I snap out of it. A tsunami of despair surges toward my emotional shoreline, and I head to the grocery store. Whenever I feel down, I make tracks to the market, if for no other reason than the bright lights, zippy music and bold colors perk me up.

Food does that, as well, but as I wander the aisles toting the baggage of my financial distress, I am more prone than ever to check prices.

Geez. The Farm Bill, the “let’s-grow-more-corn” high fructose corn syrup lobby and OPEC continue to push prices higher. And quality down.

The bright lights and bold colors have little effect on my mood.

My nasty attitude deepens, and I decide to craft a less-is-more dinner menu. Practice makes perfect, you know.

I came to the store thinking I would cook up a load of snazzy chicken cutlets — the skinless breasts halved, the halves pounded out to a thickness of a quarter inch or so, the cutlets dredged in seasoned flour, dipped in egg wash and covered with seasoned breadcrumbs before being sautéed.

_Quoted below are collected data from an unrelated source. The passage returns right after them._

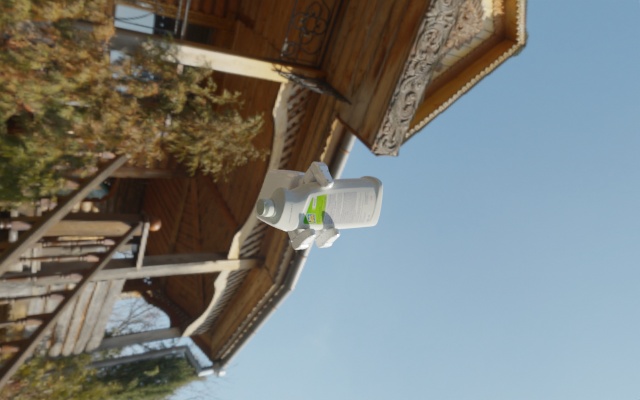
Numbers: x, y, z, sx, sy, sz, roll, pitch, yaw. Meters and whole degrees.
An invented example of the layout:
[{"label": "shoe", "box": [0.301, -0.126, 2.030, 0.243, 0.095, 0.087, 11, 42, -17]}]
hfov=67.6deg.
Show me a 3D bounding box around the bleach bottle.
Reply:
[{"label": "bleach bottle", "box": [0.000, 0.003, 0.878, 0.251, 0.102, 0.068, 0, 10, -36]}]
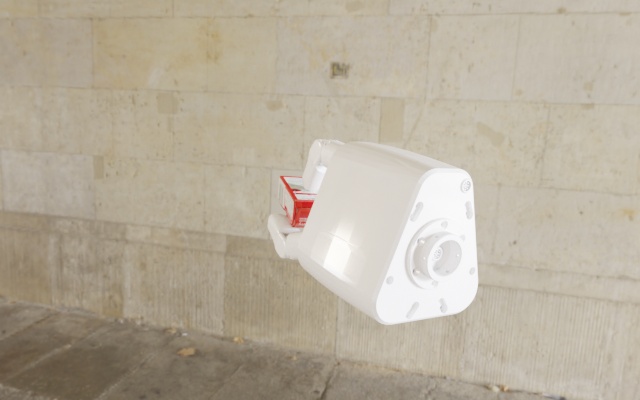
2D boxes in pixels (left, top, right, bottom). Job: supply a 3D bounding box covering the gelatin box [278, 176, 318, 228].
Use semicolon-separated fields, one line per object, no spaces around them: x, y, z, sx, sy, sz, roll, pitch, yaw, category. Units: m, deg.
0.000;0.001;0.480;0.073;0.030;0.089;2;18;-16;gelatin box
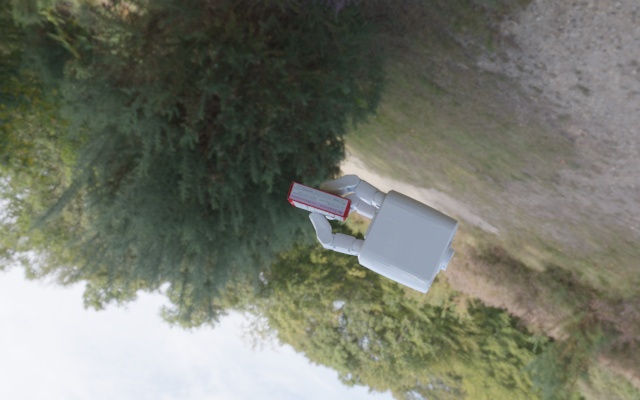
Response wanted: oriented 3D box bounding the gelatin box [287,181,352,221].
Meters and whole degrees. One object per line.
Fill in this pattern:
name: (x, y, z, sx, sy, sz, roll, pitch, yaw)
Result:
gelatin box: (0.000, 0.003, 0.700, 0.089, 0.030, 0.073, 17, -6, 4)
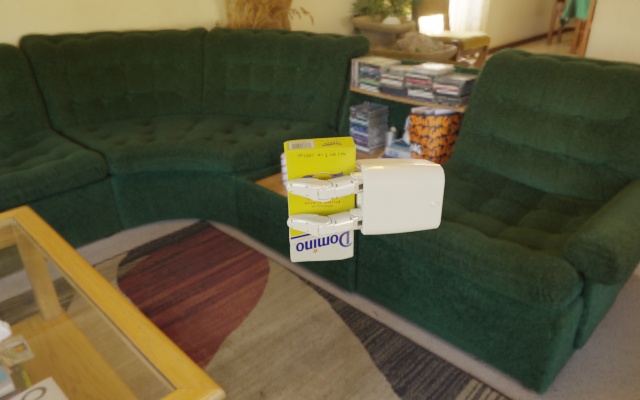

I check out the price of boneless chicken breasts and the idea evaporates. Instead, I find a pack of what is, allegedly, ground chicken breast meat — at half the price.

That’ll do. It’ll have to.

I check out the price of organic greens. Unbelievable.

I find a pack of prewashed slaw blend, instead. Cheap, good roughage. Cabbage, after all, got the Russians through World War II.

Lemons are still reasonably priced. I snag two.

Spuds? Why not? After all, I am destined to end my life in an utterly miserable way, scratching tubers from the dead soil with a stick, in the company of morons.

I buy two large russets and one large sweet potato.

Onions are still cheap. I get one. As I put it my basket I remember my Dad telling me about the onion sandwiches he ate in the ’30s, when times were tough.

Everything else I need for this modified Depression-era meal, I have at home. Some of those things — capers and shaved Parmesan cheese, for example — are expensive, and once I use up my stock, they will be mere memories. Like my investments.

When I get home, I take the ground chicken from it’s sleek petroleum-based plastic tub and put it in a bowl. I add some finely minced white onion, salt, pepper and dried tarragon.

There are two problems with ground chicken breast meat: a general lack of flavor (which I have mitigated with the onion and seasoning) and the tendency to quickly dry when cooked. This I deal with in a simple way: I add a couple tablespoons of mayonnaise, one egg and half a teaspoon of Dijon mustard. I sprinkle in some panko bread crumbs and Parmesan as a binder and mix everything well. Into the fridge goes the mix, for fifteen minutes or so.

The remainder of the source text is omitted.